[EXERCISE DATA Boundary: Start]

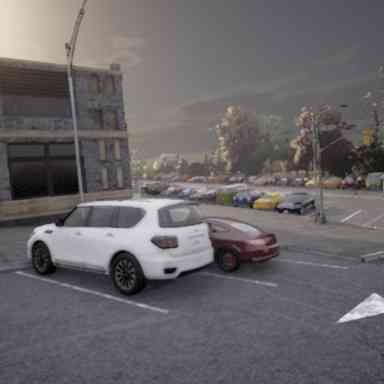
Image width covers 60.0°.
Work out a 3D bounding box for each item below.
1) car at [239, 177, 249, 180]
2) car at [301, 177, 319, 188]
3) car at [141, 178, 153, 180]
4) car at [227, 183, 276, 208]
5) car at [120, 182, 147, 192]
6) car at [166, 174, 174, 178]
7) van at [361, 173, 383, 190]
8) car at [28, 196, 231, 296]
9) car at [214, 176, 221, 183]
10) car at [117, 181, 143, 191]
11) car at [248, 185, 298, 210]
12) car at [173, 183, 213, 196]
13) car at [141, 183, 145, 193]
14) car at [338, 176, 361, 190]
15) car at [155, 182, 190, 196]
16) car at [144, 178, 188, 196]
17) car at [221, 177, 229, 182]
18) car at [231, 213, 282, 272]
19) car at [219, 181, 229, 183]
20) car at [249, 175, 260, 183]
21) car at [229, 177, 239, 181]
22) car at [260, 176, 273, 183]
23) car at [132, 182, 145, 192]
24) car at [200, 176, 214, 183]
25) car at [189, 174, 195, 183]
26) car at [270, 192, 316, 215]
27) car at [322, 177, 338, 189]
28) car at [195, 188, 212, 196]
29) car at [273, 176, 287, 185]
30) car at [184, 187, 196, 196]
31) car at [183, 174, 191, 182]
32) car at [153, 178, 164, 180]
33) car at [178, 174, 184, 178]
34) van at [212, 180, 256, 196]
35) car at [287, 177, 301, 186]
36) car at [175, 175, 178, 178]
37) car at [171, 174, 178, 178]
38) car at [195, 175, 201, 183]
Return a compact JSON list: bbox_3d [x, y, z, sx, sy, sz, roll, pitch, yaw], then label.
[{"bbox_3d":[11.444,-2.218,61.503,2.185,1.767,4.553,2,6,43],"label":"car"},{"bbox_3d":[18.198,-1.438,48.263,1.946,1.575,5.366,1,6,42],"label":"car"},{"bbox_3d":[-10.596,-1.119,65.173,2.185,1.767,4.553,1,7,44],"label":"car"},{"bbox_3d":[5.983,0.451,32.967,2.185,1.767,4.553,0,6,41],"label":"car"},{"bbox_3d":[-11.880,-1.133,67.909,2.231,1.521,4.892,1,7,45],"label":"car"},{"bbox_3d":[-3.848,-3.757,93.549,5.366,1.575,1.946,-7,6,-44],"label":"car"},{"bbox_3d":[22.548,-1.304,40.542,1.878,1.987,4.442,1,6,41],"label":"van"},{"bbox_3d":[-2.074,1.222,8.864,5.566,2.045,2.435,-1,0,35],"label":"car"},{"bbox_3d":[7.502,-2.466,69.473,2.163,1.488,4.792,1,6,44],"label":"car"},{"bbox_3d":[-13.170,-1.274,70.635,2.097,1.535,5.008,0,7,45],"label":"car"},{"bbox_3d":[7.621,0.667,30.516,1.946,1.575,5.366,0,6,40],"label":"car"},{"bbox_3d":[0.220,0.118,43.595,2.002,1.452,4.674,0,6,42],"label":"car"},{"bbox_3d":[-5.330,-0.443,54.316,2.097,1.535,5.008,0,7,43],"label":"car"},{"bbox_3d":[21.149,-1.330,43.191,2.185,1.767,4.553,0,5,41],"label":"car"},{"bbox_3d":[-2.576,-0.140,48.940,2.002,1.452,4.674,1,7,43],"label":"car"},{"bbox_3d":[-3.966,-0.564,51.626,2.435,2.045,5.566,0,7,43],"label":"car"},{"bbox_3d":[8.763,-2.324,66.761,2.163,1.488,4.792,2,6,44],"label":"car"},{"bbox_3d":[0.431,1.500,10.577,4.674,1.452,2.002,-1,0,35],"label":"car"},{"bbox_3d":[5.614,-0.213,43.628,1.812,1.442,4.674,-6,5,-28],"label":"car"},{"bbox_3d":[12.896,-1.979,58.996,1.946,1.575,5.366,1,6,43],"label":"car"},{"bbox_3d":[10.088,-2.222,64.133,2.097,1.535,5.008,1,6,44],"label":"car"},{"bbox_3d":[14.106,-1.952,56.202,2.185,1.767,4.553,1,6,43],"label":"car"},{"bbox_3d":[-7.991,-0.715,59.729,2.097,1.535,5.008,1,7,44],"label":"car"},{"bbox_3d":[4.917,-2.768,74.781,2.097,1.535,5.008,1,6,45],"label":"car"},{"bbox_3d":[2.416,-3.050,80.155,4.892,1.521,2.231,-7,6,-44],"label":"car"},{"bbox_3d":[8.829,0.860,27.710,2.163,1.488,4.792,0,7,40],"label":"car"},{"bbox_3d":[19.862,-1.349,45.949,1.946,1.575,5.366,1,5,41],"label":"car"},{"bbox_3d":[3.079,0.330,38.275,2.231,1.521,4.892,0,6,41],"label":"car"},{"bbox_3d":[15.511,-1.662,53.616,2.002,1.452,4.674,1,6,42],"label":"car"},{"bbox_3d":[1.653,0.243,40.934,2.002,1.452,4.674,0,7,41],"label":"car"},{"bbox_3d":[1.056,-3.180,82.720,5.366,1.575,1.946,-7,6,-44],"label":"car"},{"bbox_3d":[-6.724,-1.439,68.060,1.812,1.442,4.674,-6,5,-25],"label":"car"},{"bbox_3d":[-0.041,-3.590,85.557,5.566,2.045,2.435,-7,6,-44],"label":"car"},{"bbox_3d":[4.598,0.213,35.704,1.878,1.987,4.442,0,6,41],"label":"van"},{"bbox_3d":[16.907,-1.536,51.008,2.002,1.452,4.674,1,6,42],"label":"car"},{"bbox_3d":[-1.287,-3.450,88.241,4.792,1.488,2.163,-7,6,-44],"label":"car"},{"bbox_3d":[-2.473,-3.600,90.996,4.792,1.488,2.163,-7,6,-44],"label":"car"},{"bbox_3d":[3.638,-3.032,77.437,4.553,1.767,2.185,-7,6,-44],"label":"car"}]
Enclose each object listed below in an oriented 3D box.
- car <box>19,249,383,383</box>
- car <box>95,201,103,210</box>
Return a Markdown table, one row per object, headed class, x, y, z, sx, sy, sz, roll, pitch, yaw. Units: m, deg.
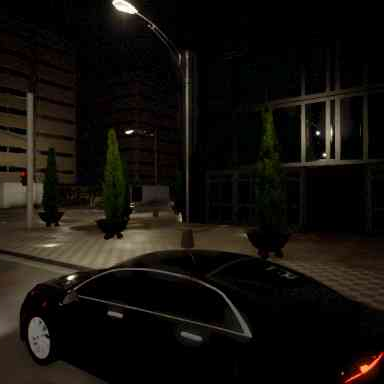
| class | x | y | z | sx | sy | sz | roll | pitch | yaw |
| --- | --- | --- | --- | --- | --- | --- | --- | --- | --- |
| car | -0.267 | 1.505 | 4.183 | 4.892 | 1.490 | 1.837 | 0 | 0 | 36 |
| car | -10.340 | 1.408 | 43.270 | 2.097 | 1.767 | 4.553 | 0 | 0 | 35 |
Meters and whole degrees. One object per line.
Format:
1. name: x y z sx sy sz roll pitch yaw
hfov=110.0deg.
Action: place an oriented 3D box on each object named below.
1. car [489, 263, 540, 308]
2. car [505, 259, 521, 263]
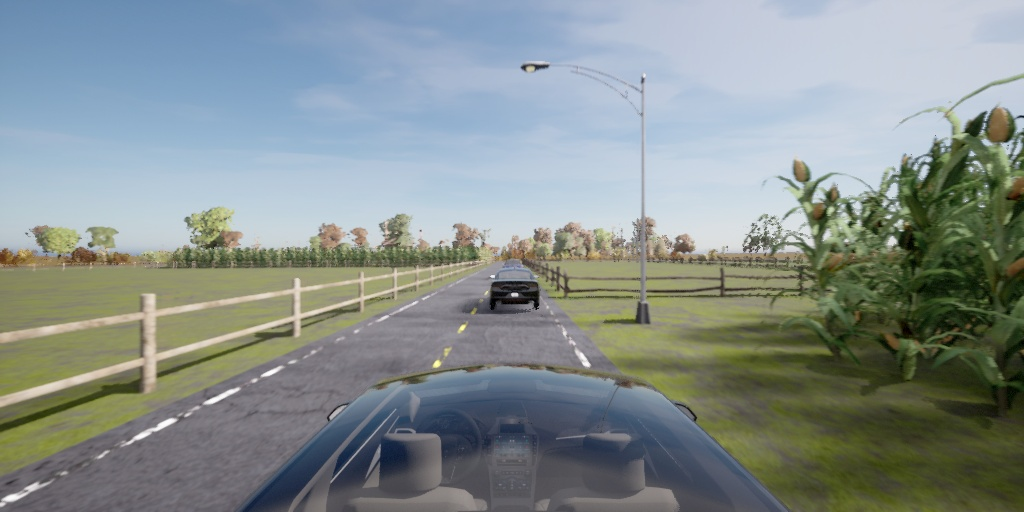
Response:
1. car: 0.101 1.226 15.150 1.882 1.535 5.008 0 0 0
2. car: 0.104 1.100 33.449 2.097 1.767 4.553 0 0 0
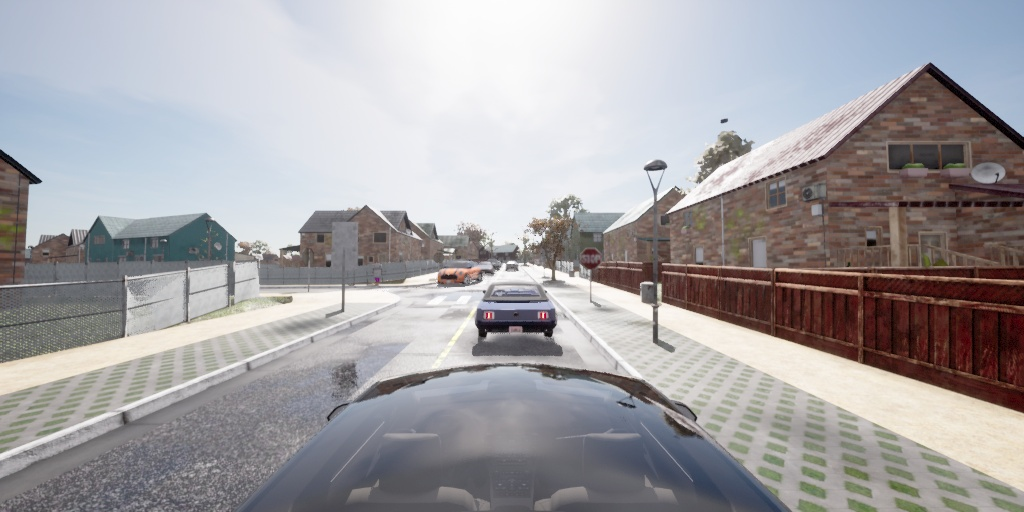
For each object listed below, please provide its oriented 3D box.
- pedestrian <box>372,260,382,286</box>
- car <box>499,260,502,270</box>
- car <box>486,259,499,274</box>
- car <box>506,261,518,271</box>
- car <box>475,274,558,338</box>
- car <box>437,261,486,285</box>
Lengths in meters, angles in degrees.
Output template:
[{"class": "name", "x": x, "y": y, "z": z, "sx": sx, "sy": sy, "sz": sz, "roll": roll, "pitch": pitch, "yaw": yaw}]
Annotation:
[{"class": "pedestrian", "x": -9.955, "y": 1.223, "z": 26.540, "sx": 0.375, "sy": 1.860, "sz": 0.375, "roll": 0, "pitch": -2, "yaw": 5}, {"class": "car", "x": -2.919, "y": 1.255, "z": 53.084, "sx": 2.097, "sy": 1.767, "sz": 4.553, "roll": 0, "pitch": 0, "yaw": 0}, {"class": "car", "x": -2.914, "y": 1.390, "z": 39.912, "sx": 2.033, "sy": 1.411, "sz": 5.357, "roll": 0, "pitch": 0, "yaw": 0}, {"class": "car", "x": 0.011, "y": 1.455, "z": 54.083, "sx": 2.033, "sy": 1.411, "sz": 5.357, "roll": 0, "pitch": 0, "yaw": 0}, {"class": "car", "x": 0.085, "y": 1.361, "z": 10.231, "sx": 1.895, "sy": 1.301, "sz": 4.718, "roll": 0, "pitch": 0, "yaw": 0}, {"class": "car", "x": -3.914, "y": 1.184, "z": 27.441, "sx": 2.097, "sy": 1.767, "sz": 4.553, "roll": 0, "pitch": 1, "yaw": 15}]
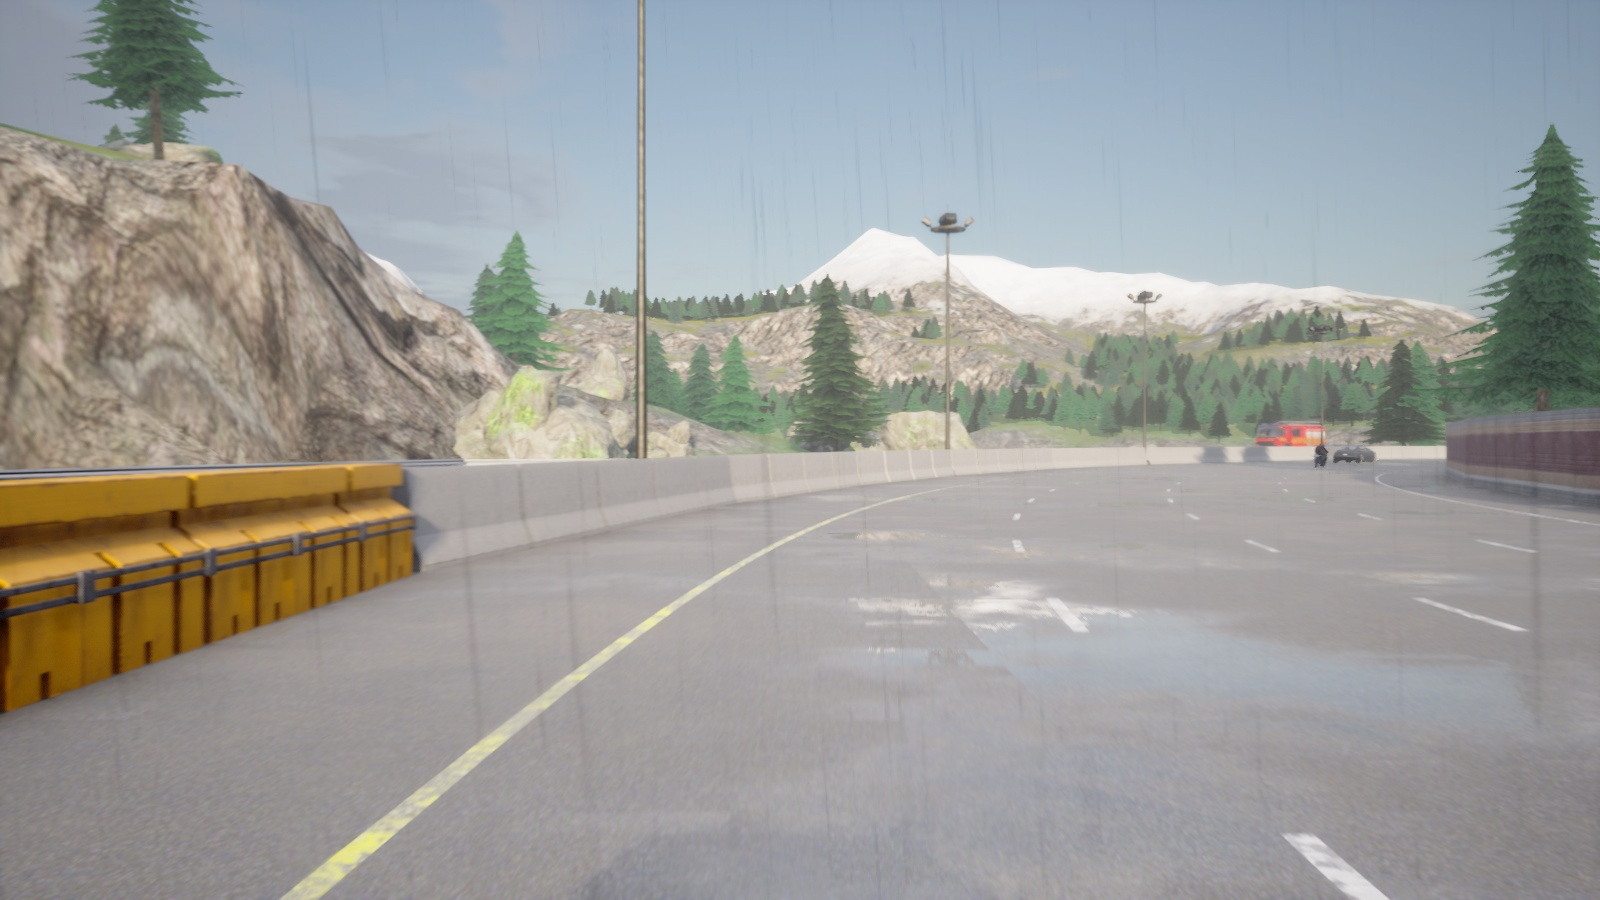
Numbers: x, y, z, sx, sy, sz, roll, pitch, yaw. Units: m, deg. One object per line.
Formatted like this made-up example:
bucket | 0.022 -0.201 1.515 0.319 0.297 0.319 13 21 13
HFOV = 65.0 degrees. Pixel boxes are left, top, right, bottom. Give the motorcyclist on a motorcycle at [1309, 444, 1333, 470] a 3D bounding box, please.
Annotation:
motorcyclist on a motorcycle | 31.511 0.424 75.948 0.866 1.530 2.191 1 1 35
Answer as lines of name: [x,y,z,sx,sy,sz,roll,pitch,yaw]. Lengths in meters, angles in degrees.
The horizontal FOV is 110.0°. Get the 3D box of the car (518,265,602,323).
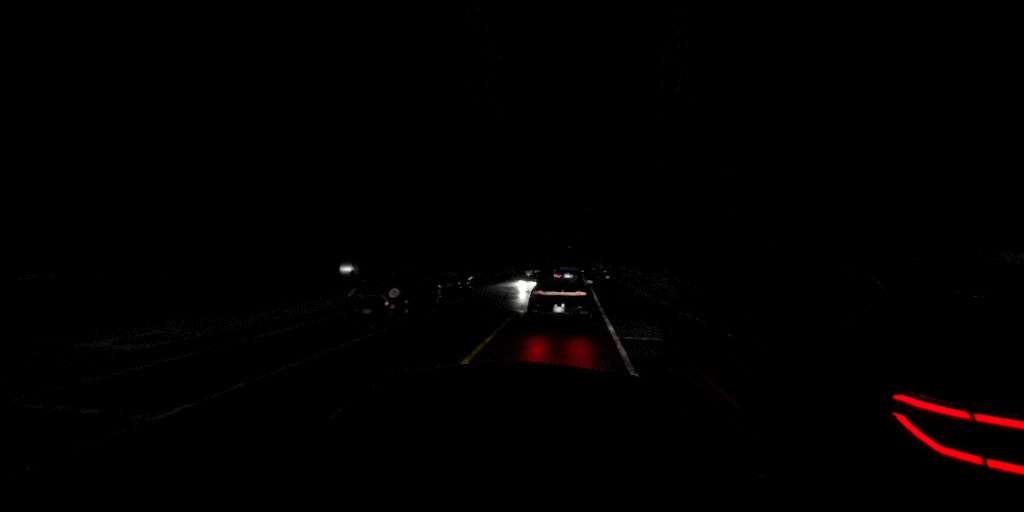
car: [1.687,1.230,12.108,2.128,1.511,4.902,0,0,10]

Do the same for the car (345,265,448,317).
car: [-4.051,1.151,12.821,1.967,1.591,4.097,0,0,10]

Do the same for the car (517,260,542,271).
car: [1.720,1.189,30.868,2.128,1.511,4.902,0,0,10]

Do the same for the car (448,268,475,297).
car: [-3.091,1.287,18.324,1.802,1.307,4.207,0,0,10]

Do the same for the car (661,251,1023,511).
car: [3.311,0.981,3.925,2.150,2.045,5.566,0,0,10]

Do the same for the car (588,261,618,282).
car: [7.242,1.279,27.864,2.007,1.370,4.403,0,0,10]
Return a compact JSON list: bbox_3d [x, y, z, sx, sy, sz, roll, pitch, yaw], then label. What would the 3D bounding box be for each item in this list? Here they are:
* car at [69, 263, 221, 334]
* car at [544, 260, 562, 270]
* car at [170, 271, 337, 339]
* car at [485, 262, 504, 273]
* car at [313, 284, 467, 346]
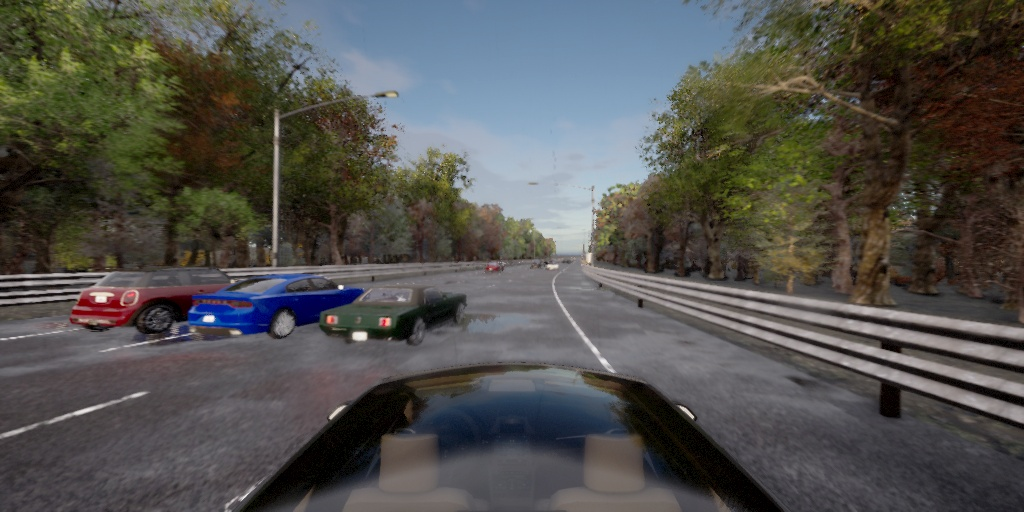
[{"bbox_3d":[-9.625,1.090,10.832,2.097,1.767,4.553,0,0,11],"label":"car"},{"bbox_3d":[7.150,1.784,61.951,1.895,1.301,4.718,0,0,11],"label":"car"},{"bbox_3d":[-6.168,1.248,10.275,1.882,1.535,5.008,1,0,11],"label":"car"},{"bbox_3d":[-2.362,1.560,49.303,1.812,1.442,4.674,0,0,11],"label":"car"},{"bbox_3d":[-2.734,1.395,9.622,1.895,1.301,4.718,0,0,11],"label":"car"}]
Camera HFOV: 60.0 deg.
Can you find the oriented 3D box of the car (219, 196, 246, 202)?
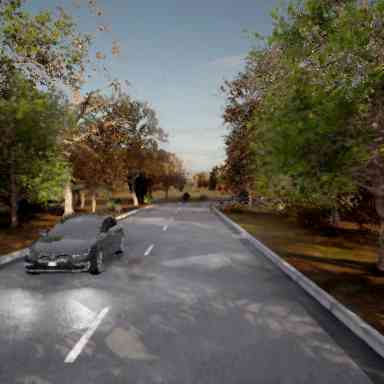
[{"bbox_3d":[6.749,1.240,56.604,4.892,1.490,1.837,1,2,-16],"label":"car"}]

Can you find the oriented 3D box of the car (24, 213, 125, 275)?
[{"bbox_3d":[-3.348,1.462,10.393,1.837,1.490,4.892,0,0,0],"label":"car"}]
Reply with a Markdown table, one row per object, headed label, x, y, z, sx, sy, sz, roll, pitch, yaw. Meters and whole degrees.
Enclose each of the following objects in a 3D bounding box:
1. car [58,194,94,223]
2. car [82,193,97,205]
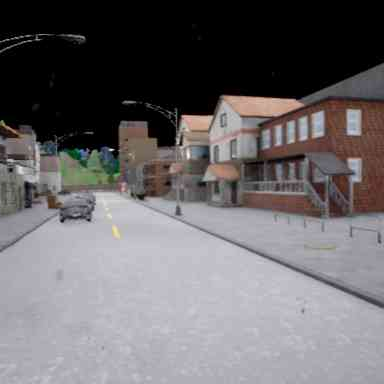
| label | x | y | z | sx | sy | sz | roll | pitch | yaw |
| --- | --- | --- | --- | --- | --- | --- | --- | --- | --- |
| car | -7.789 | 1.155 | 22.511 | 1.837 | 1.490 | 4.892 | -2 | 1 | -16 |
| car | -10.271 | 1.103 | 31.479 | 1.895 | 1.301 | 4.718 | -2 | 1 | -15 |

[EXERCISE DATA Boundary: End]

**WORK REQUIRED**
Above are the entries; copy out every line among them that contains the word "below".

**SOLVED PROBLEM**
Work out a 3D bounding box for each item below.
Enclose each object listed below in an oriented 3D box.
Action: place an oriented 3D box on each object named below.
For each object listed below, please provide its oriented 3D box.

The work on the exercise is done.